The Company has been designed to provide investors with a diversified, actively managed, high conviction portfolio comprised of securities of leading North American real estate companies.
The Company’s investment objectives for the:
Class A Shares are to provide holders with:
(i) non-cumulative monthly cash distributions; and
(ii) the opportunity for capital appreciation through exposure to the portfolio
Preferred Shares are to:
(i) provide holders with fixed cumulative preferential quarterly cash distributions; and
(ii) return the original issue price of $10.00 to holders upon maturity.
Middlefield Capital Corporation provides investment management advice to the Company.
The syndicate of agents for the offering was co-led by CIBC Capital Markets, RBC Capital Markets, and Scotiabank, and included Canaccord Genuity Corp., Hampton Securities Limited, National Bank Financial Inc., BMO Nesbitt Burns Inc., iA Private Wealth Inc., Raymond James Ltd., Manulife Wealth Inc., Ventum Financial Corp., Wellington-Altus Private Wealth Inc., Desjardins Securities Inc., and Research Capital Corporation.
For further information, please visit our website at www.middlefield.com or contact Nancy Tham in our Sales and Marketing Department at 1.888.890.1868.
A short form base shelf prospectus containing important detailed information about the securities being offered has been filed with securities commissions or similar authorities in each of the provinces and territories of Canada. Copies of the short form base shelf prospectus may be obtained from a member of the syndicate.
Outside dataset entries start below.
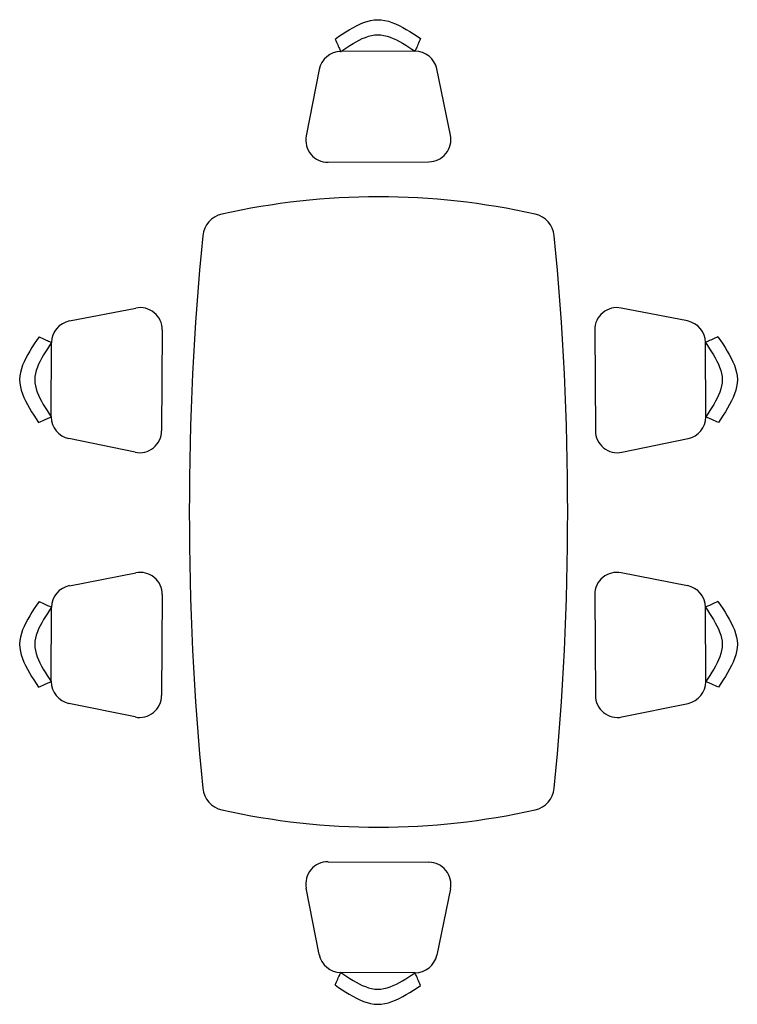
# Model space of a CAD drawing. Extents: x -1.06 to 1.06, y -1.45 to 1.45.
import ezdxf

# ---------------------------------------------------------------- set-up
doc = ezdxf.new("R2010")
doc.units = 0
doc.header["$MEASUREMENT"] = 0
doc.layers.add('LCO', color=251, linetype='CONTINUOUS')

msp = doc.modelspace()

# ---------------------------------------------------------------- linework, layer by layer
at = {"layer": 'LCO'}
for points in [[(-0.1279, 1.3906), (-0.1174, 1.3977), (-0.107, 1.4047), (-0.0965, 1.4114), (-0.0861, 1.4179), (-0.0756, 1.424), (-0.0651, 1.4296), (-0.0547, 1.4346), (-0.0442, 1.439), (-0.0338, 1.4425), (-0.0233, 1.4452), (-0.0128, 1.4469), (-0.0024, 1.4475), (0.0081, 1.447), (0.0186, 1.4454), (0.0292, 1.4429), (0.0396, 1.4394), (0.0501, 1.4352), (0.0607, 1.4303), (0.0712, 1.4248), (0.0817, 1.4188), (0.0922, 1.4125), (0.1027, 1.4058), (0.1133, 1.399), (0.1238, 1.392)], [(-0.1279, 1.3906), (-0.1258, 1.3862), (-0.1238, 1.3818), (-0.1219, 1.3775), (-0.12, 1.3734), (-0.1183, 1.3695), (-0.1167, 1.3659), (-0.1152, 1.3627), (-0.1139, 1.3598), (-0.1128, 1.3574), (-0.1119, 1.3556), (-0.1114, 1.3542), (-0.1111, 1.3536), (-0.1111, 1.3535), (-0.1111, 1.3535), (-0.1111, 1.3535), (-0.1111, 1.3535), (-0.111, 1.3535), (-0.1111, 1.3535), (-0.1111, 1.3535), (-0.1111, 1.3535), (-0.1111, 1.3535), (-0.1111, 1.3535), (-0.1111, 1.3536), (-0.1111, 1.3536)], [(-0.1111, 1.3536), (-0.102, 1.3597), (-0.0929, 1.3658), (-0.0839, 1.3717), (-0.0748, 1.3773), (-0.0657, 1.3826), (-0.0566, 1.3874), (-0.0476, 1.3918), (-0.0385, 1.3955), (-0.0294, 1.3986), (-0.0203, 1.401), (-0.0112, 1.4025), (-0.0021, 1.403), (0.007, 1.4026), (0.0161, 1.4012), (0.0253, 1.3989), (0.0344, 1.396), (0.0435, 1.3923), (0.0526, 1.3881), (0.0618, 1.3833), (0.0709, 1.3781), (0.08, 1.3726), (0.0892, 1.3668), (0.0983, 1.3609), (0.1074, 1.3548)], [(0.1238, 1.392), (0.1218, 1.3876), (0.1199, 1.3831), (0.118, 1.3789), (0.1162, 1.3747), (0.1144, 1.3708), (0.1129, 1.3672), (0.1114, 1.364), (0.1102, 1.3611), (0.1091, 1.3587), (0.1083, 1.3568), (0.1077, 1.3555), (0.1074, 1.3548), (0.1074, 1.3548), (0.1074, 1.3548), (0.1074, 1.3548), (0.1074, 1.3548), (0.1074, 1.3548), (0.1074, 1.3548), (0.1074, 1.3548), (0.1074, 1.3548), (0.1074, 1.3548), (0.1074, 1.3548), (0.1074, 1.3548), (0.1074, 1.3548)], [(0.1074, 1.3548), (-0.1111, 1.3536)], [(0.2116, 1.108), (0.1715, 1.3029)], [(-0.1745, 1.301), (-0.2125, 1.1056)], [(-0.1483, 1.0282), (0.1483, 1.0298)], [(-0.9091, 0.5617), (-0.7138, 0.5996)], [(0.9091, 0.5617), (0.7138, 0.5996)], [(-0.6363, 0.5354), (-0.638, 0.2389)], [(0.6363, 0.5354), (0.638, 0.2389)], [(-0.9988, 0.515), (-1.0059, 0.5046), (-1.0128, 0.4941), (-1.0196, 0.4837), (-1.0261, 0.4732), (-1.0321, 0.4628), (-1.0378, 0.4523), (-1.0428, 0.4419), (-1.0471, 0.4314), (-1.0507, 0.4209), (-1.0534, 0.4105), (-1.055, 0.4), (-1.0557, 0.3895), (-1.0551, 0.379), (-1.0536, 0.3685), (-1.051, 0.358), (-1.0476, 0.3475), (-1.0434, 0.337), (-1.0385, 0.3265), (-1.033, 0.316), (-1.027, 0.3055), (-1.0206, 0.2949), (-1.014, 0.2844), (-1.0071, 0.2739), (-1.0002, 0.2634)], [(-0.9617, 0.4982), (-0.9679, 0.4892), (-0.974, 0.4801), (-0.9798, 0.471), (-0.9855, 0.4619), (-0.9907, 0.4529), (-0.9956, 0.4438), (-1, 0.4347), (-1.0037, 0.4256), (-1.0068, 0.4165), (-1.0091, 0.4075), (-1.0106, 0.3984), (-1.0112, 0.3892), (-1.0107, 0.3802), (-1.0093, 0.371), (-1.0071, 0.3619), (-1.0041, 0.3528), (-1.0005, 0.3437), (-0.9962, 0.3345), (-0.9915, 0.3254), (-0.9863, 0.3163), (-0.9807, 0.3071), (-0.975, 0.298), (-0.969, 0.2889), (-0.963, 0.2797)], [(-0.9988, 0.515), (-0.9943, 0.513), (-0.9899, 0.511), (-0.9857, 0.5091), (-0.9816, 0.5072), (-0.9777, 0.5054), (-0.9741, 0.5038), (-0.9708, 0.5023), (-0.968, 0.5011), (-0.9656, 0.5), (-0.9637, 0.4991), (-0.9624, 0.4985), (-0.9617, 0.4982), (-0.9617, 0.4982), (-0.9617, 0.4982), (-0.9617, 0.4982), (-0.9617, 0.4982), (-0.9617, 0.4982), (-0.9617, 0.4982), (-0.9617, 0.4982), (-0.9617, 0.4982), (-0.9617, 0.4982), (-0.9617, 0.4982), (-0.9617, 0.4982), (-0.9617, 0.4982)], [(-0.963, 0.2797), (-0.9617, 0.4982)], [(0.9988, 0.515), (0.9943, 0.513), (0.9899, 0.511), (0.9857, 0.5091), (0.9816, 0.5072), (0.9777, 0.5054), (0.9741, 0.5038), (0.9708, 0.5023), (0.968, 0.5011), (0.9656, 0.5), (0.9637, 0.4991), (0.9624, 0.4985), (0.9617, 0.4982), (0.9617, 0.4982), (0.9617, 0.4982), (0.9617, 0.4982), (0.9617, 0.4982), (0.9617, 0.4982), (0.9617, 0.4982), (0.9617, 0.4982), (0.9617, 0.4982), (0.9617, 0.4982), (0.9617, 0.4982), (0.9617, 0.4982), (0.9617, 0.4982)], [(0.963, 0.2797), (0.9617, 0.4982)], [(0.9617, 0.4982), (0.9679, 0.4892), (0.974, 0.4801), (0.9798, 0.471), (0.9855, 0.4619), (0.9907, 0.4529), (0.9956, 0.4438), (1, 0.4347), (1.0037, 0.4256), (1.0068, 0.4165), (1.0091, 0.4075), (1.0106, 0.3984), (1.0112, 0.3892), (1.0107, 0.3802), (1.0093, 0.371), (1.0071, 0.3619), (1.0041, 0.3528), (1.0005, 0.3437), (0.9962, 0.3345), (0.9915, 0.3254), (0.9863, 0.3163), (0.9807, 0.3071), (0.975, 0.298), (0.969, 0.2889), (0.963, 0.2797)], [(0.9988, 0.515), (1.0059, 0.5046), (1.0128, 0.4941), (1.0196, 0.4837), (1.0261, 0.4732), (1.0321, 0.4628), (1.0378, 0.4523), (1.0428, 0.4419), (1.0471, 0.4314), (1.0507, 0.4209), (1.0534, 0.4105), (1.055, 0.4), (1.0557, 0.3895), (1.0551, 0.379), (1.0536, 0.3685), (1.051, 0.358), (1.0476, 0.3475), (1.0434, 0.337), (1.0385, 0.3265), (1.033, 0.316), (1.027, 0.3055), (1.0206, 0.2949), (1.014, 0.2844), (1.0071, 0.2739), (1.0002, 0.2634)], [(-1.0002, 0.2634), (-0.9957, 0.2653), (-0.9913, 0.2673), (-0.987, 0.2692), (-0.9829, 0.271), (-0.979, 0.2727), (-0.9754, 0.2743), (-0.9721, 0.2757), (-0.9692, 0.277), (-0.9669, 0.278), (-0.965, 0.2789), (-0.9637, 0.2794), (-0.963, 0.2797), (-0.963, 0.2797), (-0.9629, 0.2798), (-0.9629, 0.2798), (-0.9629, 0.2798), (-0.9629, 0.2798), (-0.9629, 0.2798), (-0.9629, 0.2798), (-0.9629, 0.2798), (-0.963, 0.2798), (-0.963, 0.2797), (-0.963, 0.2797), (-0.963, 0.2797)], [(1.0002, 0.2634), (0.9957, 0.2653), (0.9913, 0.2673), (0.987, 0.2692), (0.9829, 0.271), (0.979, 0.2727), (0.9754, 0.2743), (0.9721, 0.2757), (0.9692, 0.277), (0.9669, 0.278), (0.965, 0.2789), (0.9637, 0.2794), (0.963, 0.2797), (0.963, 0.2797), (0.9629, 0.2798), (0.9629, 0.2798), (0.9629, 0.2798), (0.9629, 0.2798), (0.9629, 0.2798), (0.9629, 0.2798), (0.9629, 0.2798), (0.963, 0.2798), (0.963, 0.2797), (0.963, 0.2797), (0.963, 0.2797)], [(-0.7162, 0.1756), (-0.9111, 0.2157)], [(0.7162, 0.1756), (0.9111, 0.2157)], [(-0.9091, -0.2166), (-0.7138, -0.1787)], [(0.9091, -0.2166), (0.7138, -0.1787)], [(-0.6363, -0.2429), (-0.638, -0.5394)], [(0.6363, -0.2429), (0.638, -0.5394)], [(-0.9988, -0.2633), (-1.0059, -0.2737), (-1.0128, -0.2842), (-1.0196, -0.2946), (-1.0261, -0.3051), (-1.0321, -0.3155), (-1.0378, -0.326), (-1.0428, -0.3364), (-1.0471, -0.3469), (-1.0507, -0.3574), (-1.0534, -0.3678), (-1.055, -0.3783), (-1.0557, -0.3888), (-1.0551, -0.3993), (-1.0536, -0.4098), (-1.051, -0.4203), (-1.0476, -0.4308), (-1.0434, -0.4413), (-1.0385, -0.4518), (-1.033, -0.4623), (-1.027, -0.4728), (-1.0206, -0.4833), (-1.014, -0.4939), (-1.0071, -0.5044), (-1.0002, -0.5149)], [(-0.9617, -0.28), (-0.9679, -0.2891), (-0.974, -0.2982), (-0.9798, -0.3073), (-0.9855, -0.3164), (-0.9907, -0.3254), (-0.9956, -0.3345), (-1, -0.3436), (-1.0037, -0.3527), (-1.0068, -0.3617), (-1.0091, -0.3708), (-1.0106, -0.3799), (-1.0112, -0.389), (-1.0107, -0.3981), (-1.0093, -0.4073), (-1.0071, -0.4164), (-1.0041, -0.4255), (-1.0005, -0.4346), (-0.9962, -0.4438), (-0.9915, -0.4529), (-0.9863, -0.462), (-0.9807, -0.4711), (-0.975, -0.4803), (-0.969, -0.4894), (-0.963, -0.4986)], [(-0.9988, -0.2633), (-0.9943, -0.2653), (-0.9899, -0.2673), (-0.9857, -0.2692), (-0.9816, -0.2711), (-0.9777, -0.2729), (-0.9741, -0.2745), (-0.9708, -0.2759), (-0.968, -0.2772), (-0.9656, -0.2783), (-0.9637, -0.2792), (-0.9624, -0.2798), (-0.9617, -0.28), (-0.9617, -0.2801), (-0.9617, -0.2801), (-0.9617, -0.2801), (-0.9617, -0.2801), (-0.9617, -0.2801), (-0.9617, -0.2801), (-0.9617, -0.2801), (-0.9617, -0.2801), (-0.9617, -0.2801), (-0.9617, -0.2801), (-0.9617, -0.2801), (-0.9617, -0.28)], [(-0.963, -0.4986), (-0.9617, -0.28)], [(0.9988, -0.2633), (0.9943, -0.2653), (0.9899, -0.2673), (0.9857, -0.2692), (0.9816, -0.2711), (0.9777, -0.2729), (0.9741, -0.2745), (0.9708, -0.2759), (0.968, -0.2772), (0.9656, -0.2783), (0.9637, -0.2792), (0.9624, -0.2798), (0.9617, -0.28), (0.9617, -0.2801), (0.9617, -0.2801), (0.9617, -0.2801), (0.9617, -0.2801), (0.9617, -0.2801), (0.9617, -0.2801), (0.9617, -0.2801), (0.9617, -0.2801), (0.9617, -0.2801), (0.9617, -0.2801), (0.9617, -0.2801), (0.9617, -0.28)], [(0.9617, -0.28), (0.9679, -0.2891), (0.974, -0.2982), (0.9798, -0.3073), (0.9855, -0.3164), (0.9907, -0.3254), (0.9956, -0.3345), (1, -0.3436), (1.0037, -0.3527), (1.0068, -0.3617), (1.0091, -0.3708), (1.0106, -0.3799), (1.0112, -0.389), (1.0107, -0.3981), (1.0093, -0.4073), (1.0071, -0.4164), (1.0041, -0.4255), (1.0005, -0.4346), (0.9962, -0.4438), (0.9915, -0.4529), (0.9863, -0.462), (0.9807, -0.4711), (0.975, -0.4803), (0.969, -0.4894), (0.963, -0.4986)], [(0.963, -0.4986), (0.9617, -0.28)], [(0.9988, -0.2633), (1.0059, -0.2737), (1.0128, -0.2842), (1.0196, -0.2946), (1.0261, -0.3051), (1.0321, -0.3155), (1.0378, -0.326), (1.0428, -0.3364), (1.0471, -0.3469), (1.0507, -0.3574), (1.0534, -0.3678), (1.055, -0.3783), (1.0557, -0.3888), (1.0551, -0.3993), (1.0536, -0.4098), (1.051, -0.4203), (1.0476, -0.4308), (1.0434, -0.4413), (1.0385, -0.4518), (1.033, -0.4623), (1.027, -0.4728), (1.0206, -0.4833), (1.014, -0.4939), (1.0071, -0.5044), (1.0002, -0.5149)], [(-1.0002, -0.5149), (-0.9957, -0.513), (-0.9913, -0.511), (-0.987, -0.5091), (-0.9829, -0.5073), (-0.979, -0.5056), (-0.9754, -0.504), (-0.9721, -0.5026), (-0.9692, -0.5013), (-0.9669, -0.5003), (-0.965, -0.4994), (-0.9637, -0.4989), (-0.963, -0.4986), (-0.963, -0.4986), (-0.9629, -0.4985), (-0.9629, -0.4985), (-0.9629, -0.4985), (-0.9629, -0.4985), (-0.9629, -0.4985), (-0.9629, -0.4985), (-0.9629, -0.4985), (-0.963, -0.4985), (-0.963, -0.4986), (-0.963, -0.4986), (-0.963, -0.4986)], [(1.0002, -0.5149), (0.9957, -0.513), (0.9913, -0.511), (0.987, -0.5091), (0.9829, -0.5073), (0.979, -0.5056), (0.9754, -0.504), (0.9721, -0.5026), (0.9692, -0.5013), (0.9669, -0.5003), (0.965, -0.4994), (0.9637, -0.4989), (0.963, -0.4986), (0.963, -0.4986), (0.9629, -0.4985), (0.9629, -0.4985), (0.9629, -0.4985), (0.9629, -0.4985), (0.9629, -0.4985), (0.9629, -0.4985), (0.9629, -0.4985), (0.963, -0.4985), (0.963, -0.4986), (0.963, -0.4986), (0.963, -0.4986)], [(-0.7162, -0.6027), (-0.9111, -0.5626)], [(0.7162, -0.6027), (0.9111, -0.5626)], [(-0.1483, -1.0282), (0.1483, -1.0298)], [(-0.1745, -1.301), (-0.2125, -1.1056)], [(0.2116, -1.108), (0.1715, -1.3029)], [(-0.1279, -1.3906), (-0.1258, -1.3862), (-0.1238, -1.3818), (-0.1219, -1.3775), (-0.12, -1.3734), (-0.1183, -1.3695), (-0.1167, -1.3659), (-0.1152, -1.3627), (-0.1139, -1.3598), (-0.1128, -1.3574), (-0.1119, -1.3556), (-0.1114, -1.3542), (-0.1111, -1.3536), (-0.1111, -1.3535), (-0.1111, -1.3535), (-0.1111, -1.3535), (-0.1111, -1.3535), (-0.111, -1.3535), (-0.1111, -1.3535), (-0.1111, -1.3535), (-0.1111, -1.3535), (-0.1111, -1.3535), (-0.1111, -1.3535), (-0.1111, -1.3536), (-0.1111, -1.3536)], [(-0.1111, -1.3536), (-0.102, -1.3597), (-0.0929, -1.3658), (-0.0839, -1.3717), (-0.0748, -1.3773), (-0.0657, -1.3826), (-0.0566, -1.3874), (-0.0476, -1.3918), (-0.0385, -1.3955), (-0.0294, -1.3986), (-0.0203, -1.401), (-0.0112, -1.4025), (-0.0021, -1.403), (0.007, -1.4026), (0.0161, -1.4012), (0.0253, -1.3989), (0.0344, -1.396), (0.0435, -1.3923), (0.0526, -1.3881), (0.0618, -1.3833), (0.0709, -1.3781), (0.08, -1.3726), (0.0892, -1.3668), (0.0983, -1.3609), (0.1074, -1.3548)], [(0.1074, -1.3548), (-0.1111, -1.3536)], [(0.1238, -1.392), (0.1218, -1.3876), (0.1199, -1.3831), (0.118, -1.3789), (0.1162, -1.3747), (0.1144, -1.3708), (0.1129, -1.3672), (0.1114, -1.364), (0.1102, -1.3611), (0.1091, -1.3587), (0.1083, -1.3568), (0.1077, -1.3555), (0.1074, -1.3548), (0.1074, -1.3548), (0.1074, -1.3548), (0.1074, -1.3548), (0.1074, -1.3548), (0.1074, -1.3548), (0.1074, -1.3548), (0.1074, -1.3548), (0.1074, -1.3548), (0.1074, -1.3548), (0.1074, -1.3548), (0.1074, -1.3548), (0.1074, -1.3548)], [(-0.1279, -1.3906), (-0.1174, -1.3977), (-0.107, -1.4047), (-0.0965, -1.4114), (-0.0861, -1.4179), (-0.0756, -1.424), (-0.0651, -1.4296), (-0.0547, -1.4346), (-0.0442, -1.439), (-0.0338, -1.4425), (-0.0233, -1.4452), (-0.0128, -1.4469), (-0.0024, -1.4475), (0.0081, -1.447), (0.0186, -1.4454), (0.0292, -1.4429), (0.0396, -1.4394), (0.0501, -1.4352), (0.0607, -1.4303), (0.0712, -1.4248), (0.0817, -1.4188), (0.0922, -1.4125), (0.1027, -1.4058), (0.1133, -1.399), (0.1238, -1.392)]]:
    msp.add_lwpolyline(points, dxfattribs=at)
msp.add_lwpolyline([(0.5172, 0.8119, 0.324092), (0.4608, 0.8757, 0.110457), (-0.4608, 0.8757, 0.324092), (-0.5172, 0.8119, 0.048604), (-0.5172, -0.8119, 0.324092), (-0.4608, -0.8757, 0.110457), (0.4608, -0.8757, 0.324092), (0.5172, -0.8119, 0.048604)], format="xyb", close=True, dxfattribs=at)
for centre, radius, start, end in [((-0.1107, 1.2886), 0.065, 90.3185, 169.0084), ((0.1078, 1.2898), 0.0651, 11.6387, 90.3224), ((-0.1486, 1.0932), 0.0651, 169.0084, 270.3263), ((0.1479, 1.0949), 0.065, 270.3185, 11.6354), ((-0.7014, 0.5358), 0.0651, 359.6737, 100.9916), ((0.7014, 0.5358), 0.0651, 79.0084, 180.3263), ((-0.8967, 0.4979), 0.065, 100.9916, 179.6815), ((0.8967, 0.4979), 0.065, 0.3185, 79.0084), ((-0.8979, 0.2794), 0.0651, 179.6776, 258.3613), ((0.8979, 0.2794), 0.0651, 281.6387, 0.3224), ((-0.7031, 0.2392), 0.065, 258.3646, 359.6815), ((0.7031, 0.2392), 0.065, 180.3185, 281.6354), ((-0.7014, -0.2425), 0.0651, 359.6737, 100.9916), ((0.7014, -0.2425), 0.0651, 79.0084, 180.3263), ((-0.8967, -0.2804), 0.065, 100.9916, 179.6815), ((0.8967, -0.2804), 0.065, 0.3185, 79.0084), ((-0.8979, -0.4989), 0.0651, 179.6776, 258.3613), ((0.8979, -0.4989), 0.0651, 281.6387, 0.3224), ((-0.7031, -0.539), 0.065, 258.3646, 359.6815), ((0.7031, -0.539), 0.065, 180.3185, 281.6354), ((-0.1486, -1.0932), 0.0651, 89.6737, 190.9916), ((0.1479, -1.0949), 0.065, 348.3646, 89.6815), ((-0.1107, -1.2886), 0.065, 190.9916, 269.6815), ((0.1078, -1.2898), 0.0651, 269.6776, 348.3613)]:
    msp.add_arc(centre, radius, start, end, dxfattribs=at)

doc.saveas('drawing.dxf')

The Company intends to file a supplement to the short form base shelf prospectus, and investors should read the short form base shelf prospectus and the prospectus supplement before making an investment decision. There will not be any sale or any acceptance of an offer to buy the securities being offered until the prospectus supplement has been filed with the securities commissions or similar authorities in each of the provinces and territories of Canada.